Wednesday 06 September 2017
They were designed as cheap pre-fabs that could be put constructed in four hours, but this World War Two Nissen hut has outgrown its modest roots to go on sale for £1.4million.
The former light aircraft hangar in rural Essex is a far cry from the days of rationing - having been given a Grand Designs-style makeover to modern eco standards.
The five-bedroom home comes with countryside views and a sprawling 4,000 square feet interior bathed in natural light streaming in through huge windows.
It has been insulated to the highest possible levels and uses a ground source heat pump, which draws warmth from the surrounding earth.
The property has an open-plan layout which includes the kitchen, dining area, and large living area.
Upstairs, which is accessed by an Italian staircase, houses a 22-foot-long master bedroom, with a stunning 29ft covered terrace that looks out over the expansive countryside near Braintree.
And any green fingered buyer can also enjoy a half acre garden or purchase one of the unfinished hangars to complete as they please.
Owner Claire Benbrook submitted a planning application to convert the Nissen in 2012 while living in a grade-II country house next door.
This first application was rejected, but the council accepted altered plans three years later and the conversion was completed in winter last year.
'It's just amazing every day I wake up to these incredible views and it's like always being on holiday. It's lovely.'
Mark Davies, from Strutt & Parker, told MailOnline: 'This is an eco-friendly design in a fantastic location for schools and access to London.
'The interiors are contemporary, with the old frame retained. So everything inside is a new house.
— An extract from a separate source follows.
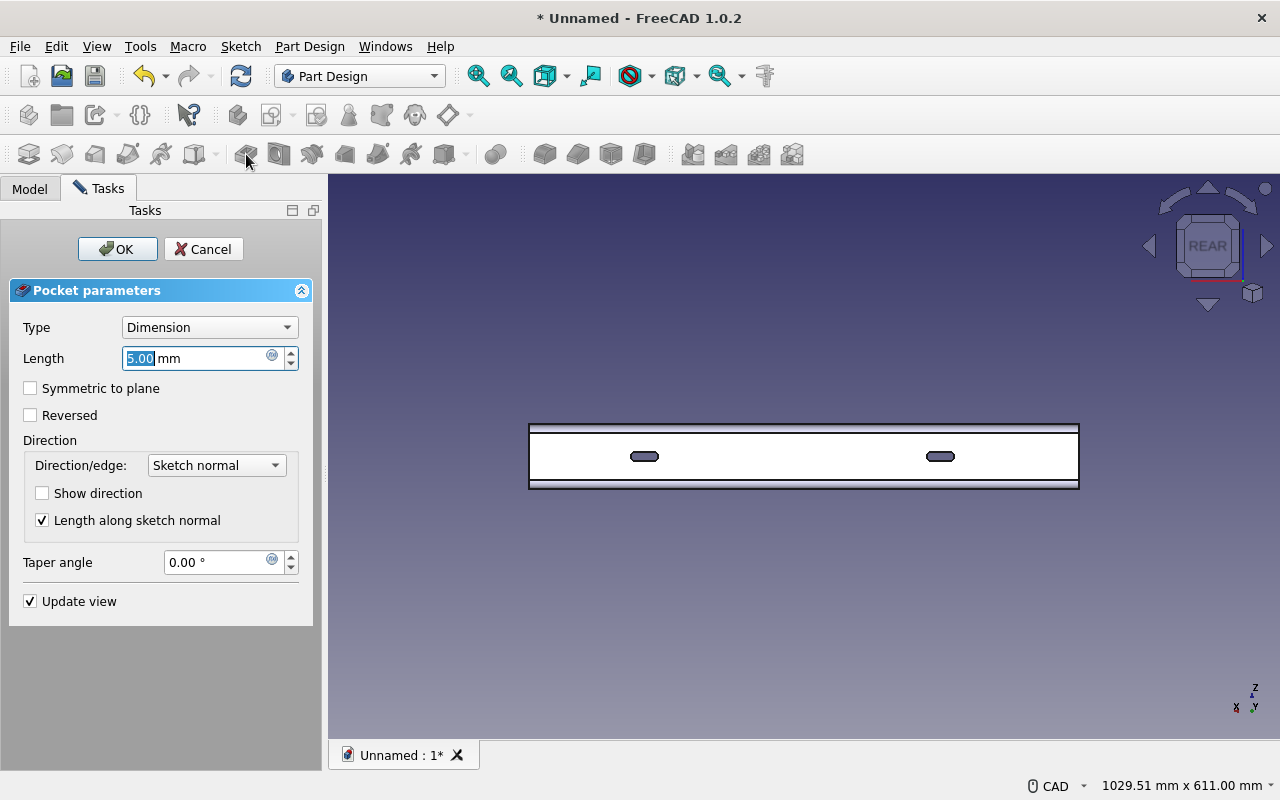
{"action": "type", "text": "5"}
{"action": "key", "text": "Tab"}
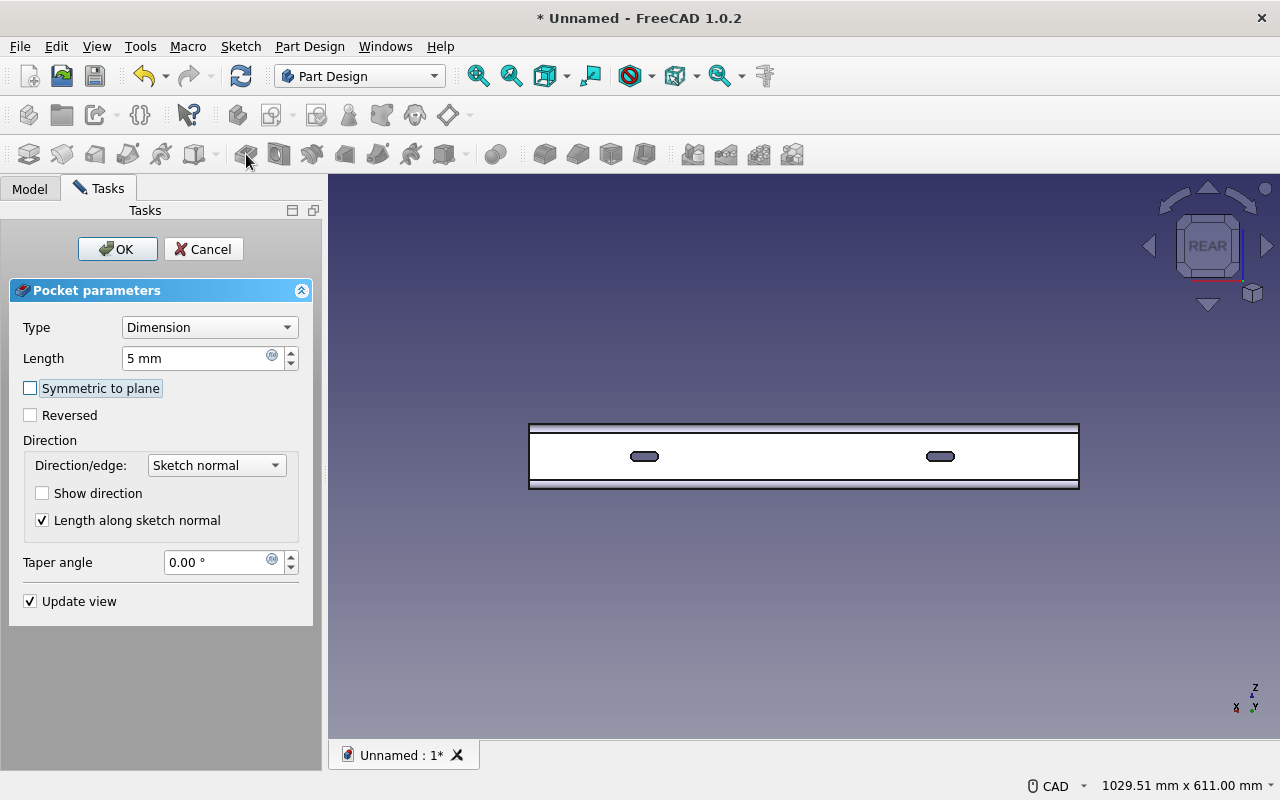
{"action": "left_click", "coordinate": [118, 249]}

'Also, there are ground source heat pumps and double glazing throughout to create a very warm and cosy interior.'
Nissen Huts were designed to be put up by six men in four hours, with the world record for construction one hour and 27 minutes.
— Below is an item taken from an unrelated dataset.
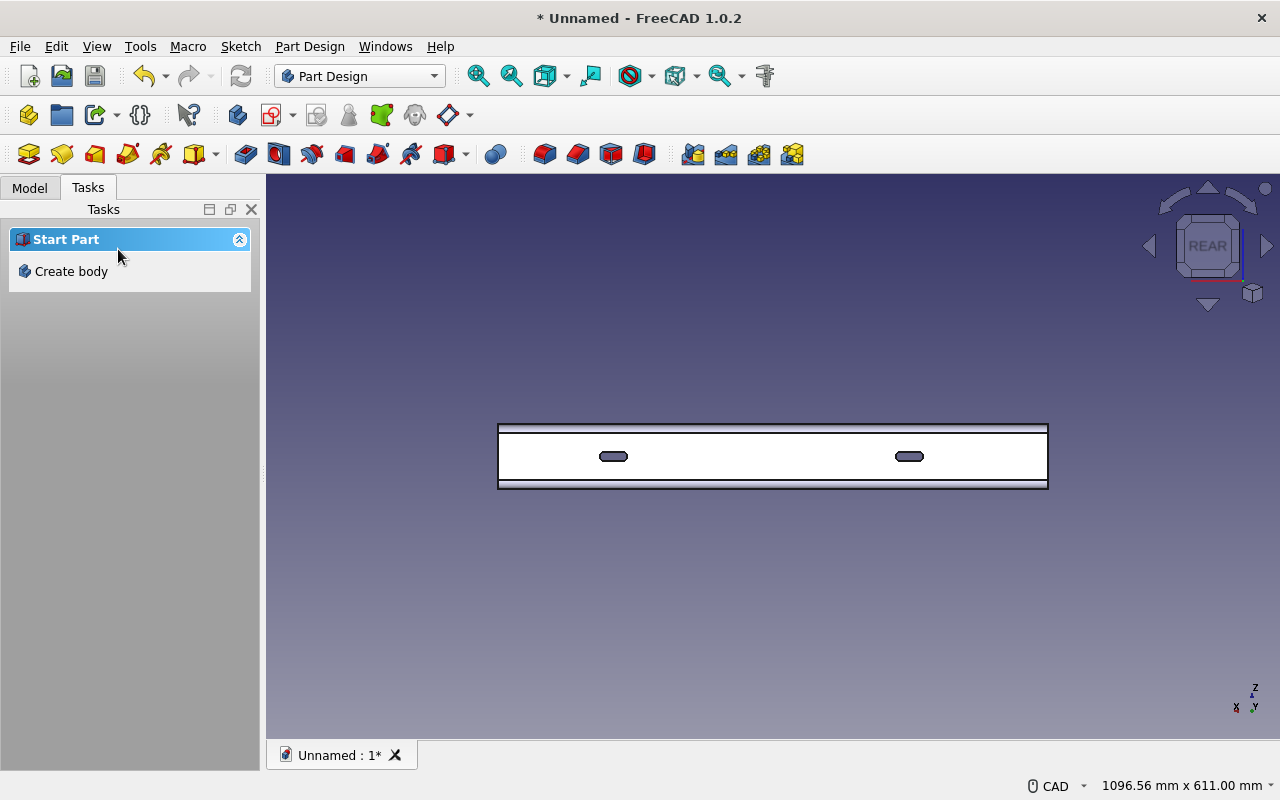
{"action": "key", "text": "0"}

The original design was masterminded by Major Peter Norman Nissen of the 29th Company Royal Engineers of the British Army during the First World War after which the British government ordered 100,000.
After a stay of absence from British production lines, the Nissen re-emerged during the Second World War and used for a wide range of functions from accommodation to churches and bomb stores.
Very few survive, but examples can still be found in the UK, the Middle East, Asia and the Pacific.